Recent Accounting Pronouncements
For information regarding new accounting pronouncements, see Note 1, Basis of Presentation and Significant Accounting Policies in the notes to our unaudited condensed consolidated financial statements.
37
Table of Contents
Cautionary Statement Concerning Forward-Looking Statements
This Quarterly Report on Form 10-Q contains “forward-looking statements” within the meaning of the safe harbor provisions of the U.S. Private Securities Litigation Reform Act of 1995. Investors are cautioned that statements that are not strictly historical statements of fact constitute forward-looking statements, including, without limitation, statements under the captions “Risk Factors,” “Management’s Discussion and Analysis of Financial Condition and Results of Operations” and “Business” and are often identified by words like “believe,” “expect,” “may,” “will,” “should,” “seek,” “anticipate,” or “could” and similar expressions.
Forward-looking statements are not assurances of future performance. Instead, they are based only on our current beliefs, expectations and assumptions regarding the future of our business, future plans and strategies, projections, anticipated events and trends, the economy and other future conditions.

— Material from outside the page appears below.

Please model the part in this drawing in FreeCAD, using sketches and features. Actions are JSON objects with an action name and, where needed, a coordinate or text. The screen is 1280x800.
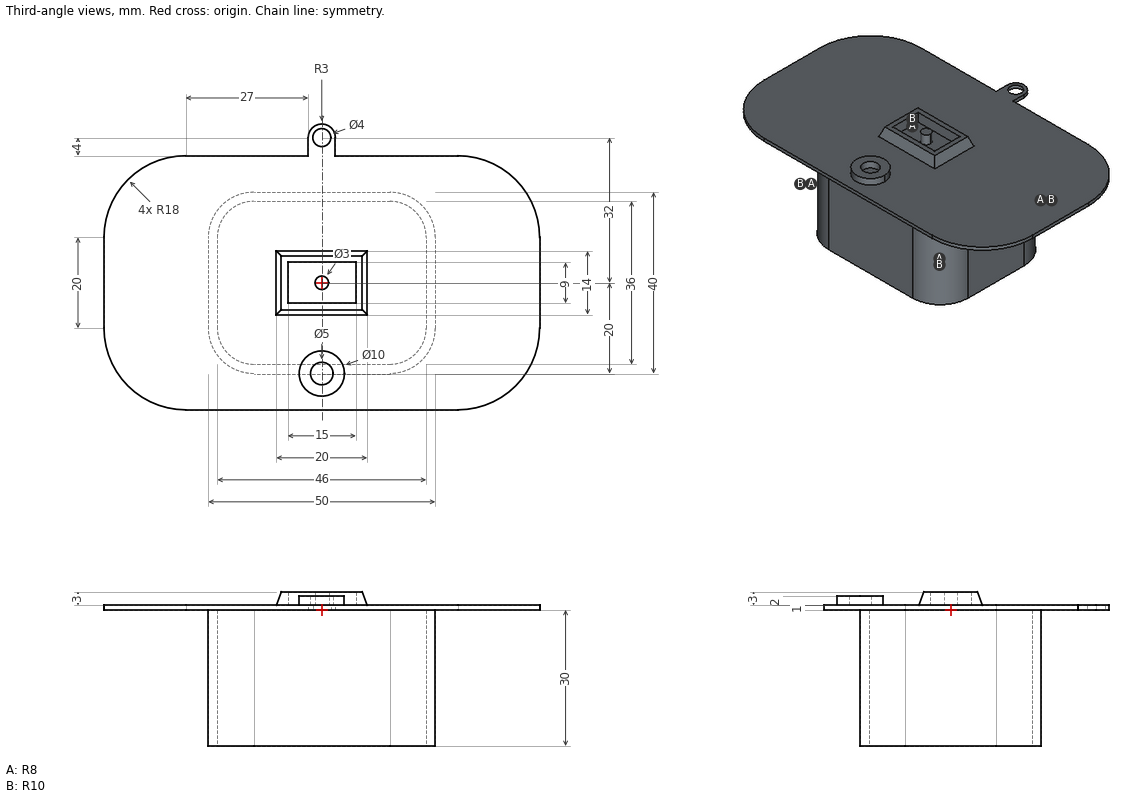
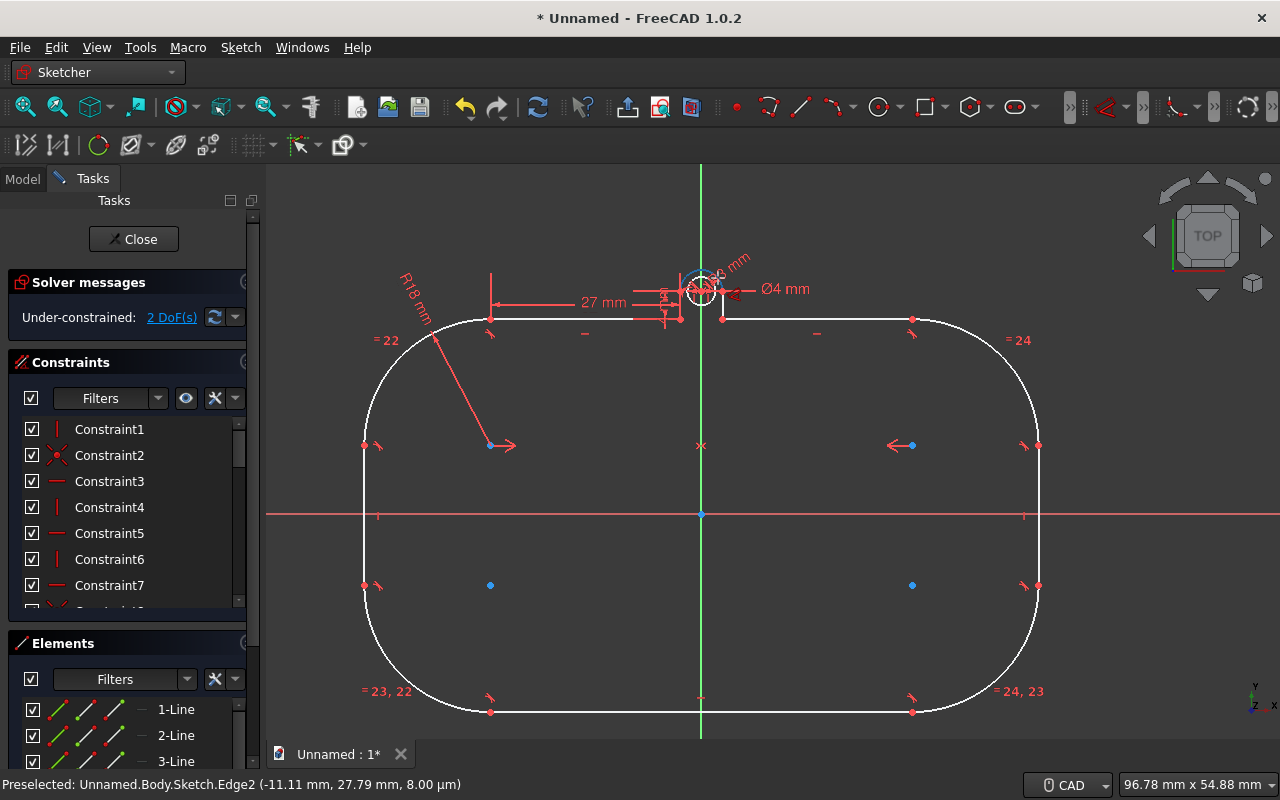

Because forward-looking statements relate to the future, they are subject to inherent uncertainties, risks and changes in circumstances that are difficult to predict and many of which are outside of our control. Our actual results and financial condition may differ materially from those indicated in the forward-looking statements. Therefore, you should not rely on any of these forward-looking statements. Important factors that could cause our actual results and financial condition to differ materially from those expressed or implied by forward-looking statements include those discussed under the “Risk Factors” section of our Annual Report on Form 10-K and in subsequent Quarterly Reports on Form 10-Q or other reports filed with the SEC.
Any forward-looking statement made by us in this report is based only on information currently available to us and speaks only as of the date of this report. We undertake no obligation to publicly revise or update any forward-looking statement, whether as a result of new information, future developments or otherwise, except as may be required by law.